Just 19 days after Giordano's death, David R. Leisure crawled under Michaels' black Chrysler Cordoba, which was parked outside St. Raymond's Maronite Church, and planted a remote-controlled bomb under the driver's seat. Michaels left the church driving on Interstate 55 in South St. Louis County near the Reavis Barracks Road exit when Anthony Leisure detonated the bomb. The automobile bounced three feet in the air. The force of the explosion tore Michaels' legs to pieces and part of his body was hurled against a passing car.

With the death of Giordano, government sources indicated that John J. Vitale was acting boss of the St. Louis family. Vitale's status was never really clear over the years. He was reputed to be the family's consigliere. However in 1967, the U.S. Justice Department identified him as "representing the national cartel in St. Louis." Little is known of Vitale's early years. In the 1940s he served two years in prison for a narcotics violation. Over the years he had been called to testify before several congressional committees, including one into alleged ties between professional boxing and the St. Louis family.

Vitale had been a suspect in several killings, including the 1968 murder of Thomas Rodgers, owner of a mortuary supply company. In addition, he had close ties to the Aladdin Hotel and Casino in Las Vegas, and may have had connections to the Tropicana along with members of the Kansas City mob. In October 1980, Vitale was stopped and searched by FBI agents at St. Louis' Lambert Field airport. Agents seized $36,000 in cash hidden on Vitale.

After the death of Giordano and the subsequent murder of Michaels, Vitale tried to keep peace between the warring factions. Vitale, sometimes called the "gentleman gangster" was unsuccessful. In 1981, Vitale became an informant for the FBI and fed information to them on the war going on between the Michaels' gang and the Leisures. At the age of 73, Vitale was becoming frail to the point that he needed two canes to walk. On June 5, 1982, he died from heart disease at Faith Hospital in Creve Coeur, Missouri.

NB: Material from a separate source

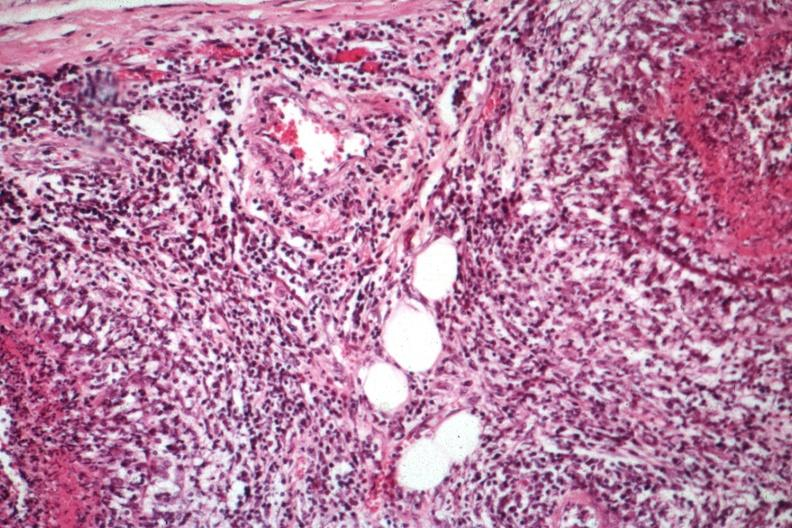s rheumatoid arthritis with vasculitis present?
Answer the question using a single word or phrase. Yes

One of the hoodlums that Vitale tried to set up for the FBI was Jesse Stoneking a lieutenant of Arthur Berne, the East St. Louis rackets boss who had replaced Buster Wortman. Stoneking, an ex-choirboy, had made a name for himself in the mob after being taken under the wing of Berne. Former St. Louis Post-Dispatch reporter Ronald J. Lawrence describes Stoneking as follows:

"Stoneking's reputation for violence was partly the result of the man himself. His presence, alone, was menacing. Built more like a bull than a man, he could talk, fight or shoot his way out of a jam. His stentorian (loud) voice demanded attention and obedience. His eyes could be as piercing as laser beams, as innocent as a baby's, depending on what he wanted to convey. His words could beat a man into submission or relieve him of his wealth.

"The other part of his reputation was built on his deeds."

Stoneking was a hitman with a conscience. On October 22, 1979, he murdered a man who had raped a girlfriend of his mentor Berne. In December 1979, he killed two men who had tried to set him up for a hit. However, when Joe Cammarata found a bomb in his pickup truck and ordered a hit on the man he suspected Tommy Callanan, a union business agent whose legs had been lost to a car bomb in 1973 Stoneking refused to carry it out because Callanan was confined to a wheelchair.

Stoneking's rise to the top and eventual possible leadership of the East Side rackets, then under Berne, went into a tailspin after the death of Jimmy Michaels. First, Vitale tried to set him up for the FBI by offering Stoneking $5,000 to get a bomb. Then on September 16, 1981, FBI agents arrested him for his involvement in an interstate stolen car ring and chop shop operation. Before he went to prison, he attended a party at Berne's home. Berne's wife, who dabbled in astrology, told Stoneking that one day he was "going to go straight."

"Go straight" in the mob usually means going straight to the authorities, which Stoneking did. While having time to reflect on his life in prison and seeing that his family, or families he had two, a wife with three children and a girlfriend with three more were not being taken care of, Stoneking flipped. His undercover informant role for the FBI over the next two years would result in the imprisonment of 30 members of organized crime including Berne and Matthew Trupiano.